Sementara itu, Fakta lainnya yaitu material urugkan yang digunakan masih terdapat campuran batu berukuran cukup besar. Sedangkan pada tahapan ini bisa menentukan kualitas dan kemampuan tempat yang hendak dibangun.
Andre selaku perwakilan pihak pelaksana saat dikonfirmasi awak media dilokasi proyek tak mau berkomentar jauh. Ia hanya mau menanggapi soal material yang bercampur batuan berukuran besar.
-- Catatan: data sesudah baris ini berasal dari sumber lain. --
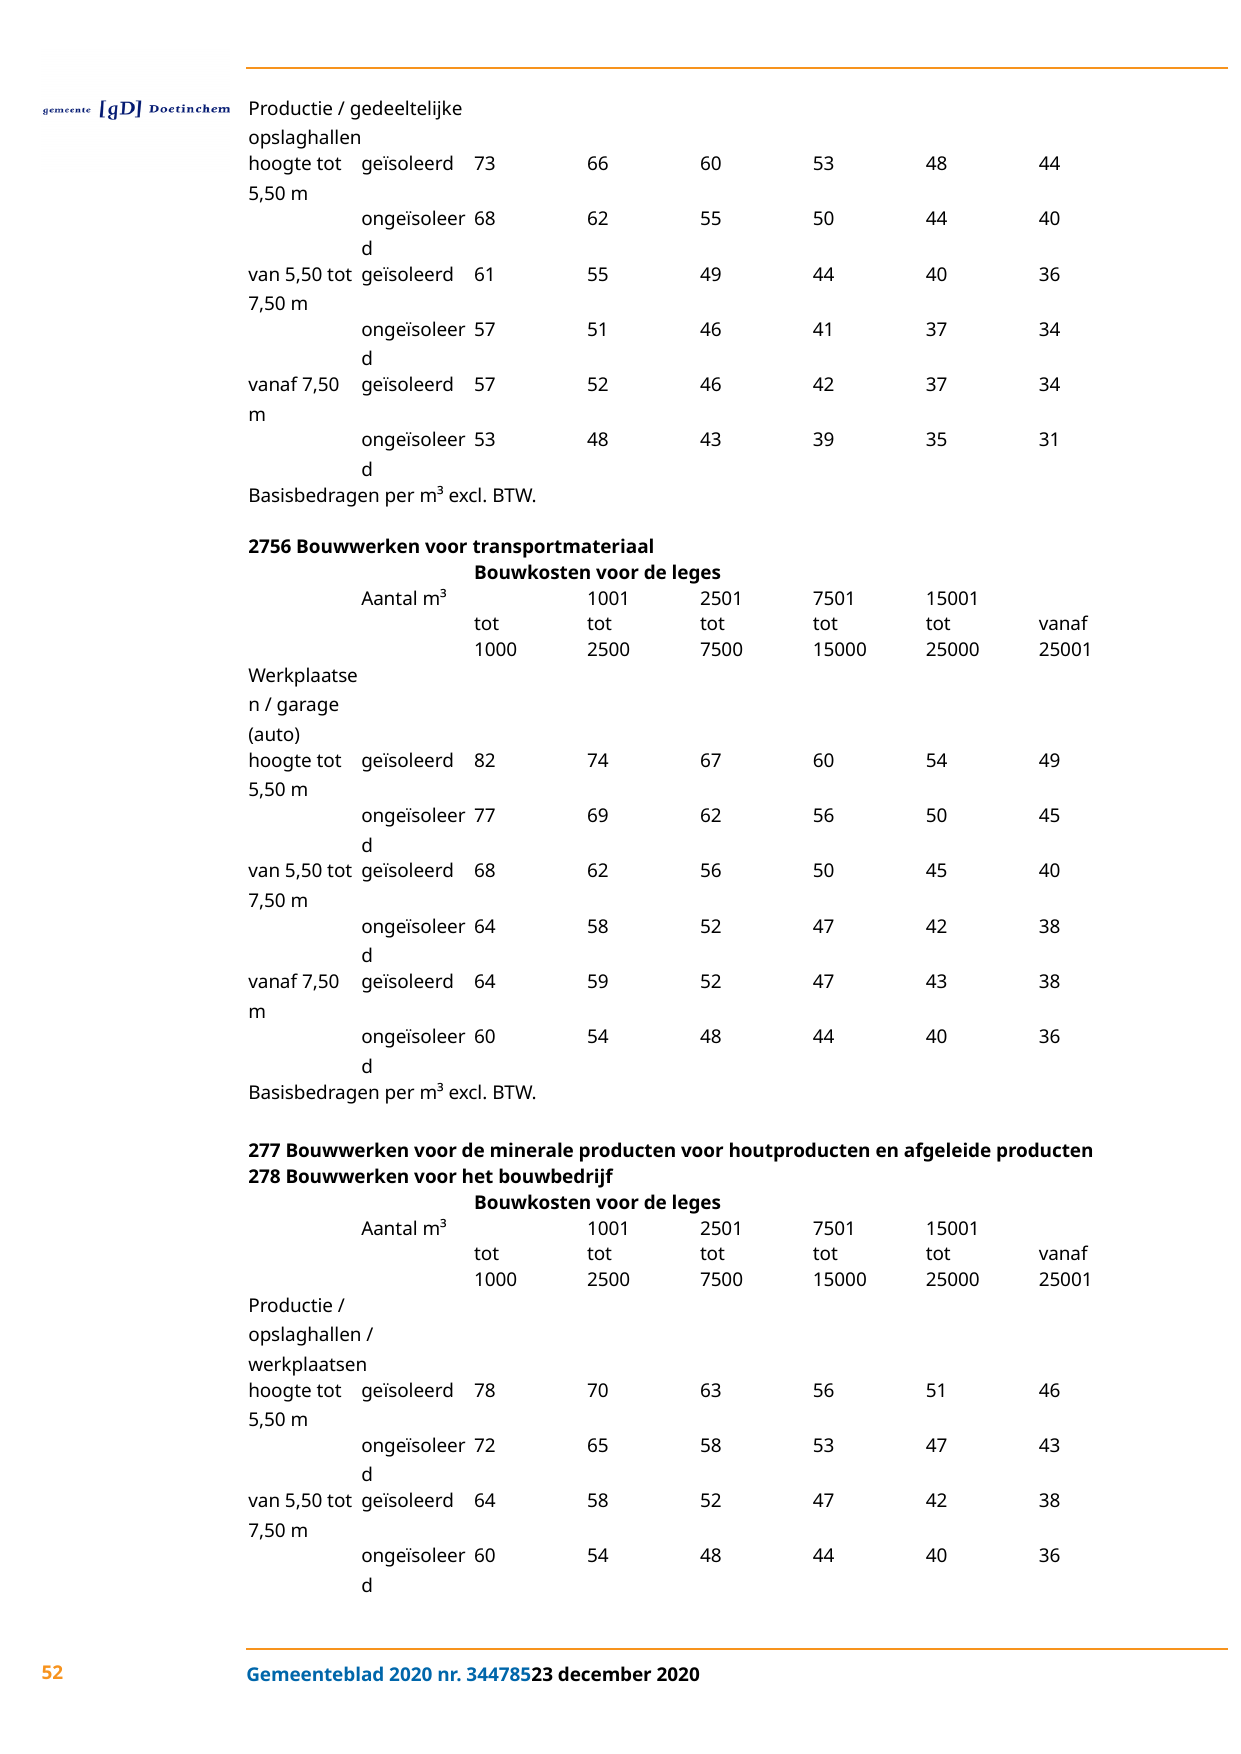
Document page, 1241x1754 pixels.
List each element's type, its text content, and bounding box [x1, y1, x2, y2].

table_cell geïsoleerd [361, 747, 474, 802]
table_cell 34 [1039, 316, 1152, 371]
table_cell 48 [700, 1024, 813, 1079]
table_cell 77 [474, 802, 587, 858]
table_cell 60 [700, 150, 813, 205]
table_cell 69 [587, 802, 700, 858]
table_cell geïsoleerd [361, 968, 474, 1023]
table_cell vanaf [1039, 1240, 1152, 1266]
table_cell 52 [700, 1488, 813, 1543]
table_cell 52 [587, 371, 700, 427]
table_cell 59 [587, 968, 700, 1023]
table_cell 7500 [700, 636, 813, 662]
table_cell Bouwkosten voor de leges [474, 1189, 1152, 1215]
table_cell 15001 [926, 585, 1038, 611]
table_cell tot [587, 611, 700, 636]
table_cell 72 [474, 1432, 587, 1487]
table_cell [474, 1292, 587, 1377]
table_cell 40 [1039, 205, 1152, 261]
table_cell 65 [587, 1432, 700, 1487]
table_cell Bouwkosten voor de leges [474, 559, 1152, 585]
table_cell [248, 559, 361, 585]
table_cell [1039, 1292, 1152, 1377]
table_cell 73 [474, 150, 587, 205]
table_cell [700, 662, 813, 747]
table_cell hoogte tot 5,50 m [248, 747, 361, 802]
table_cell 62 [587, 205, 700, 261]
table_cell 48 [700, 1543, 813, 1598]
table_cell 47 [813, 1488, 926, 1543]
table_cell 50 [813, 858, 926, 913]
table_cell 54 [587, 1543, 700, 1598]
table_cell 78 [474, 1377, 587, 1432]
table_cell geïsoleerd [361, 1377, 474, 1432]
table_cell [248, 585, 361, 611]
table_cell [248, 1432, 361, 1487]
table_cell 36 [1039, 1543, 1152, 1598]
table_cell hoogte tot 5,50 m [248, 1377, 361, 1432]
table_cell 58 [587, 913, 700, 968]
table_cell [361, 662, 474, 747]
table_cell 51 [587, 316, 700, 371]
table_cell tot [587, 1240, 700, 1266]
table_cell [1039, 95, 1152, 150]
table_cell 1000 [474, 636, 587, 662]
table_cell [248, 1189, 361, 1215]
table_cell 57 [474, 316, 587, 371]
table_cell 45 [926, 858, 1038, 913]
table_cell 57 [474, 371, 587, 427]
table_cell 46 [700, 316, 813, 371]
table_cell 53 [813, 1432, 926, 1487]
table_cell [361, 1240, 474, 1266]
table_cell [248, 1240, 361, 1266]
table_cell 1001 [587, 1215, 700, 1240]
table_cell Aantal m³ [361, 1215, 474, 1240]
table_cell 37 [926, 371, 1038, 427]
table_cell [926, 95, 1038, 150]
table_cell 34 [1039, 371, 1152, 427]
table_cell geïsoleerd [361, 371, 474, 427]
table_cell 7500 [700, 1266, 813, 1292]
table_cell 56 [700, 858, 813, 913]
table_cell 43 [1039, 1432, 1152, 1487]
table_cell [1039, 1215, 1152, 1240]
table_cell vanaf 7,50 m [248, 968, 361, 1023]
table_cell 1001 [587, 585, 700, 611]
table_cell 2501 [700, 1215, 813, 1240]
table_cell tot [474, 1240, 587, 1266]
table_cell 44 [926, 205, 1038, 261]
table_cell [474, 1215, 587, 1240]
table_cell 47 [926, 1432, 1038, 1487]
table_cell 35 [926, 427, 1038, 482]
table_cell [587, 1292, 700, 1377]
table_cell [248, 1543, 361, 1598]
table_cell [248, 611, 361, 636]
table_cell 67 [700, 747, 813, 802]
table_cell 38 [1039, 968, 1152, 1023]
table_cell 278 Bouwwerken voor het bouwbedrijf [248, 1163, 1152, 1189]
table_cell 2501 [700, 585, 813, 611]
table_cell [1039, 662, 1152, 747]
table_cell [248, 427, 361, 482]
table_cell 36 [1039, 1024, 1152, 1079]
table_cell 44 [1039, 150, 1152, 205]
table_cell 2500 [587, 636, 700, 662]
table_cell 2500 [587, 1266, 700, 1292]
table_cell 42 [926, 913, 1038, 968]
table_cell [700, 1292, 813, 1377]
table_cell ongeïsoleerd [361, 316, 474, 371]
table_cell tot [700, 1240, 813, 1266]
table_cell 56 [813, 802, 926, 858]
table_cell 44 [813, 261, 926, 316]
table_cell [248, 802, 361, 858]
table_cell 25000 [926, 636, 1038, 662]
table_cell [926, 508, 1038, 533]
table_cell 52 [700, 913, 813, 968]
table_cell [587, 508, 700, 533]
table_cell [474, 662, 587, 747]
table_cell [587, 662, 700, 747]
table_cell 25001 [1039, 636, 1152, 662]
table_cell 48 [587, 427, 700, 482]
table_cell van 5,50 tot 7,50 m [248, 858, 361, 913]
table_cell ongeïsoleerd [361, 1024, 474, 1079]
table_cell 54 [926, 747, 1038, 802]
table_cell 58 [700, 1432, 813, 1487]
table_cell 52 [700, 968, 813, 1023]
table_cell tot [926, 1240, 1038, 1266]
table_cell 31 [1039, 427, 1152, 482]
table_cell 42 [813, 371, 926, 427]
table_cell 2756 Bouwwerken voor transportmateriaal [248, 534, 1152, 559]
table_cell 58 [587, 1488, 700, 1543]
table_cell [926, 662, 1038, 747]
table_cell 15001 [926, 1215, 1038, 1240]
table_cell 54 [587, 1024, 700, 1079]
table_cell 48 [926, 150, 1038, 205]
table_cell tot [926, 611, 1038, 636]
table_cell 38 [1039, 1488, 1152, 1543]
table_cell 64 [474, 968, 587, 1023]
table_cell geïsoleerd [361, 1488, 474, 1543]
table_cell van 5,50 tot 7,50 m [248, 261, 361, 316]
table_cell 7501 [813, 585, 926, 611]
table_cell 1000 [474, 1266, 587, 1292]
table_cell 46 [700, 371, 813, 427]
table_cell [361, 508, 474, 533]
table_cell [248, 1024, 361, 1079]
table_cell 55 [587, 261, 700, 316]
table_cell [361, 1266, 474, 1292]
table_cell 70 [587, 1377, 700, 1432]
table_cell 44 [813, 1024, 926, 1079]
table_cell 50 [813, 205, 926, 261]
table_cell 15000 [813, 1266, 926, 1292]
table_cell 7501 [813, 1215, 926, 1240]
table_cell [1039, 585, 1152, 611]
table_cell 36 [1039, 261, 1152, 316]
table_cell geïsoleerd [361, 150, 474, 205]
table_cell [361, 636, 474, 662]
table_cell tot [813, 1240, 926, 1266]
table_cell ongeïsoleerd [361, 802, 474, 858]
table_cell ongeïsoleerd [361, 1543, 474, 1598]
table_cell Aantal m³ [361, 585, 474, 611]
table_cell tot [474, 611, 587, 636]
table_cell 68 [474, 858, 587, 913]
table_cell geïsoleerd [361, 858, 474, 913]
table_cell [813, 95, 926, 150]
table_cell [248, 1215, 361, 1240]
table_cell [248, 508, 361, 533]
table_cell 40 [926, 1543, 1038, 1598]
table_cell 51 [926, 1377, 1038, 1432]
table_cell [474, 95, 587, 150]
table_cell Basisbedragen per m³ excl. BTW. [248, 482, 1152, 508]
table_cell ongeïsoleerd [361, 205, 474, 261]
picture [41, 47, 231, 172]
table_cell 25000 [926, 1266, 1038, 1292]
table_cell 74 [587, 747, 700, 802]
table_cell [813, 508, 926, 533]
table_cell 38 [1039, 913, 1152, 968]
table_cell 42 [926, 1488, 1038, 1543]
table_header 277 Bouwwerken voor de minerale producten voor houtproducten en afgeleide producten [248, 1138, 1152, 1163]
table_cell 49 [700, 261, 813, 316]
table_cell ongeïsoleerd [361, 1432, 474, 1487]
table_cell 61 [474, 261, 587, 316]
table_cell 62 [700, 802, 813, 858]
table_cell geïsoleerd [361, 261, 474, 316]
table_cell [248, 316, 361, 371]
table_cell [926, 1292, 1038, 1377]
table_cell tot [813, 611, 926, 636]
table_cell 64 [474, 913, 587, 968]
table_cell tot [700, 611, 813, 636]
table_cell 37 [926, 316, 1038, 371]
table_cell ongeïsoleerd [361, 427, 474, 482]
table_cell 53 [813, 150, 926, 205]
table_cell 45 [1039, 802, 1152, 858]
table_cell vanaf [1039, 611, 1152, 636]
table_cell Werkplaatsen / garage (auto) [248, 662, 361, 747]
table_cell 60 [813, 747, 926, 802]
table_cell 40 [1039, 858, 1152, 913]
table_cell 60 [474, 1024, 587, 1079]
table_cell [248, 205, 361, 261]
table_cell 49 [1039, 747, 1152, 802]
table_cell 53 [474, 427, 587, 482]
table_cell 43 [926, 968, 1038, 1023]
table_cell 40 [926, 1024, 1038, 1079]
table_cell [474, 585, 587, 611]
table_cell 47 [813, 913, 926, 968]
table_cell vanaf 7,50 m [248, 371, 361, 427]
table_cell 66 [587, 150, 700, 205]
table_cell [700, 95, 813, 150]
table_cell 62 [587, 858, 700, 913]
table_cell [361, 611, 474, 636]
table_cell 46 [1039, 1377, 1152, 1432]
table_cell [813, 662, 926, 747]
table_cell 55 [700, 205, 813, 261]
table_cell Basisbedragen per m³ excl. BTW. [248, 1079, 1152, 1104]
table_cell 44 [813, 1543, 926, 1598]
table_cell 63 [700, 1377, 813, 1432]
table_cell 64 [474, 1488, 587, 1543]
table_cell [813, 1292, 926, 1377]
table_cell [700, 508, 813, 533]
table_cell 39 [813, 427, 926, 482]
table_cell 43 [700, 427, 813, 482]
table_cell ongeïsoleerd [361, 913, 474, 968]
table_cell van 5,50 tot 7,50 m [248, 1488, 361, 1543]
table_cell 60 [474, 1543, 587, 1598]
table_cell Productie / opslaghallen / werkplaatsen [248, 1292, 474, 1377]
table_cell 47 [813, 968, 926, 1023]
table_cell 56 [813, 1377, 926, 1432]
table_cell [248, 1266, 361, 1292]
table_cell [474, 508, 587, 533]
table_cell 15000 [813, 636, 926, 662]
table_cell 82 [474, 747, 587, 802]
table_cell 40 [926, 261, 1038, 316]
table_cell [361, 1189, 474, 1215]
table_cell [361, 559, 474, 585]
table_cell 41 [813, 316, 926, 371]
table_cell [1039, 508, 1152, 533]
table_cell Productie / gedeeltelijke opslaghallen [248, 95, 474, 150]
table_cell [248, 636, 361, 662]
table_cell [248, 913, 361, 968]
table_cell 50 [926, 802, 1038, 858]
table_cell 68 [474, 205, 587, 261]
table_cell 25001 [1039, 1266, 1152, 1292]
table_cell hoogte tot 5,50 m [248, 150, 361, 205]
table_cell [587, 95, 700, 150]

“Iya mas akan kami perhatikan,” kata Andre, Sabtu (28/20/2023).
Ditampat terpisah, Sadewo, salah satu tokoh masyarakat setempat mengatakan, bahwa papan nama proyek itu harus jelas.
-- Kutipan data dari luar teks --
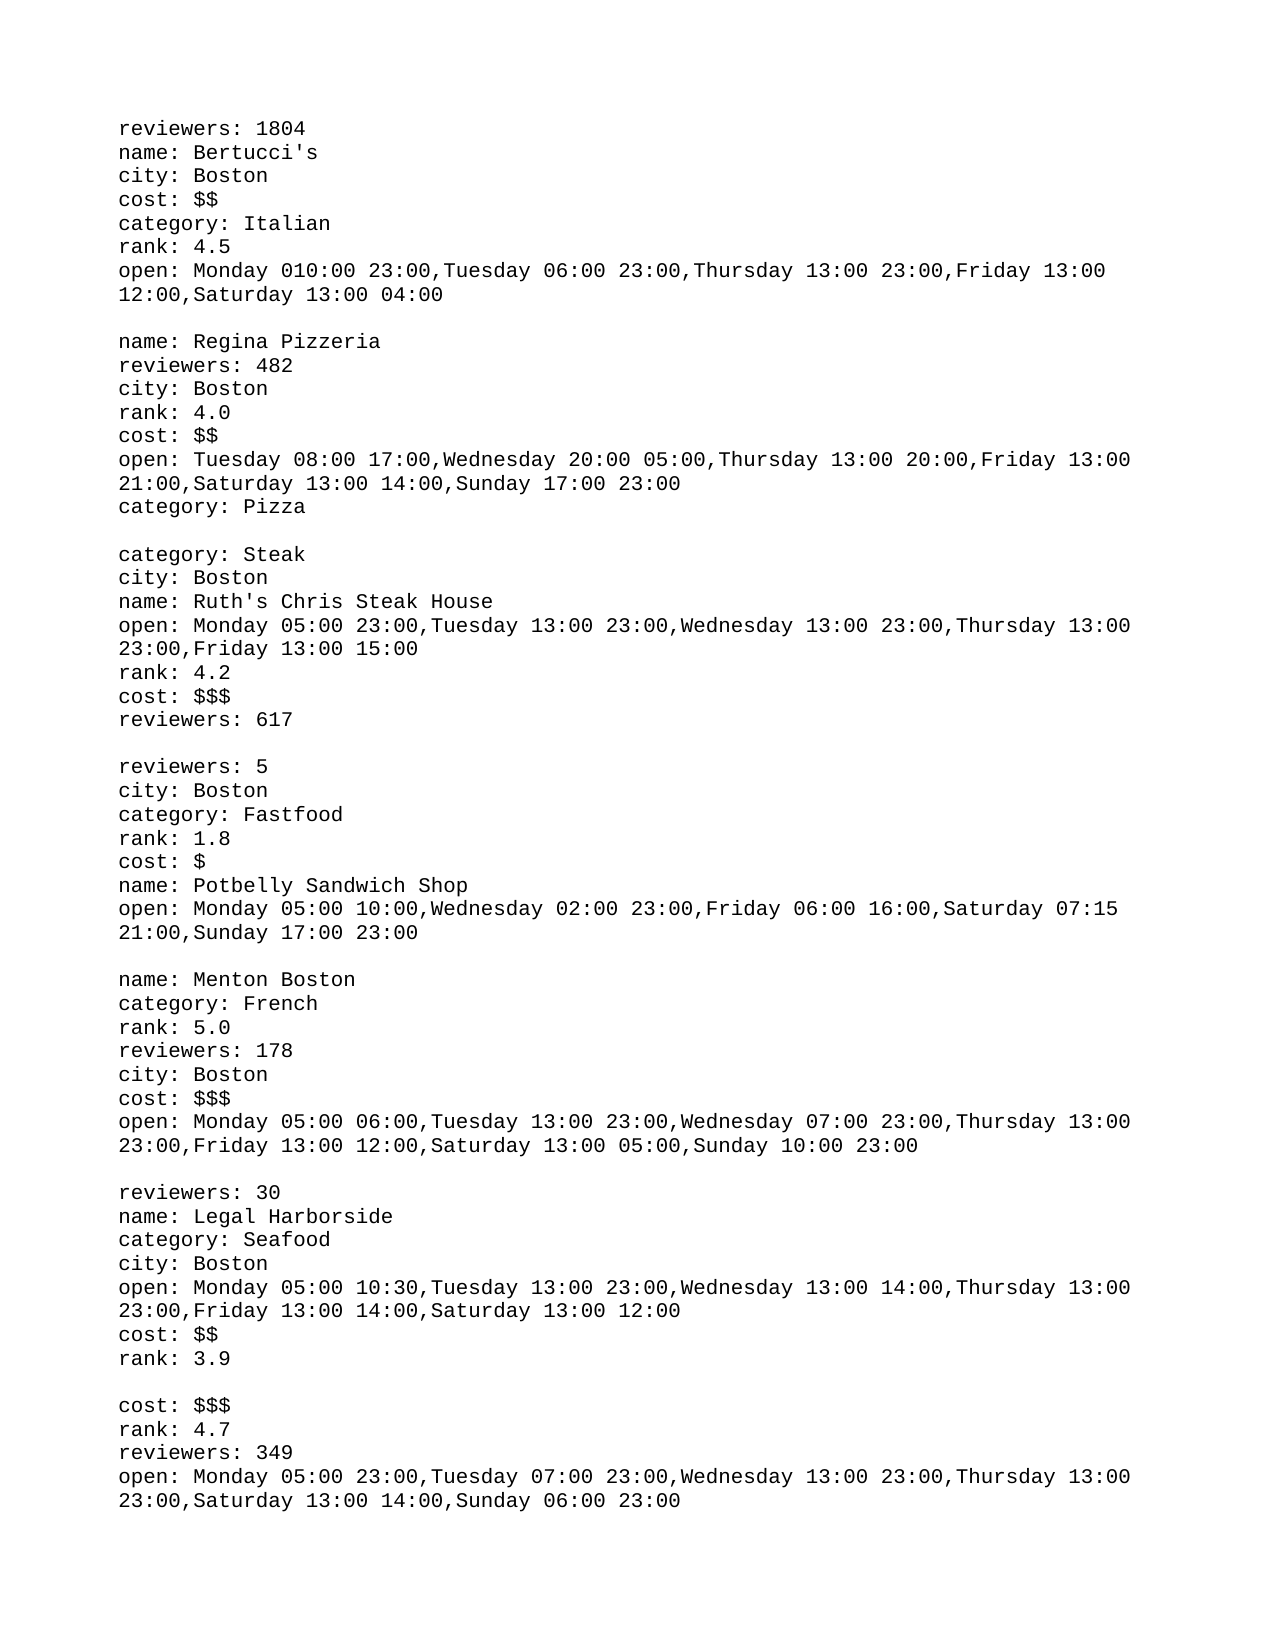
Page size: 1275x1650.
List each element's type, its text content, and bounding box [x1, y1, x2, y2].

“Sudah nggak ada alamatnya, konsultannya juga nggak dicantumkan. Ini ada apa ? Mau main slintat-slintut ? Ini uang negara loh, pertanggung jawabannya ke publik harus jelas,” ucap Sadewo, Sabtu (28/10/2023).
Hasil dari penulusuran awak media ini, di duga titik-titik lokasi tambang tanah urug yang diduga ilegal tersebut, berada di wilayah aliran sungai lahar Gunung Kelud di Desa Kedawung, Selo Tumpuk, dan Sumberingin, yang merupakan wilayah hukum Polres Blitar Kota.
Regulasi soal larangan menggunakan material dari tambang ilegal sudah jelas, tertera pada Undang-Undang Nomor 3 tahun 2020, tentang Perubahan atas Undang-Undang Nomor 4 Tahun 2009 tentang Pertambangan Mineral dan Batubara (Minerba).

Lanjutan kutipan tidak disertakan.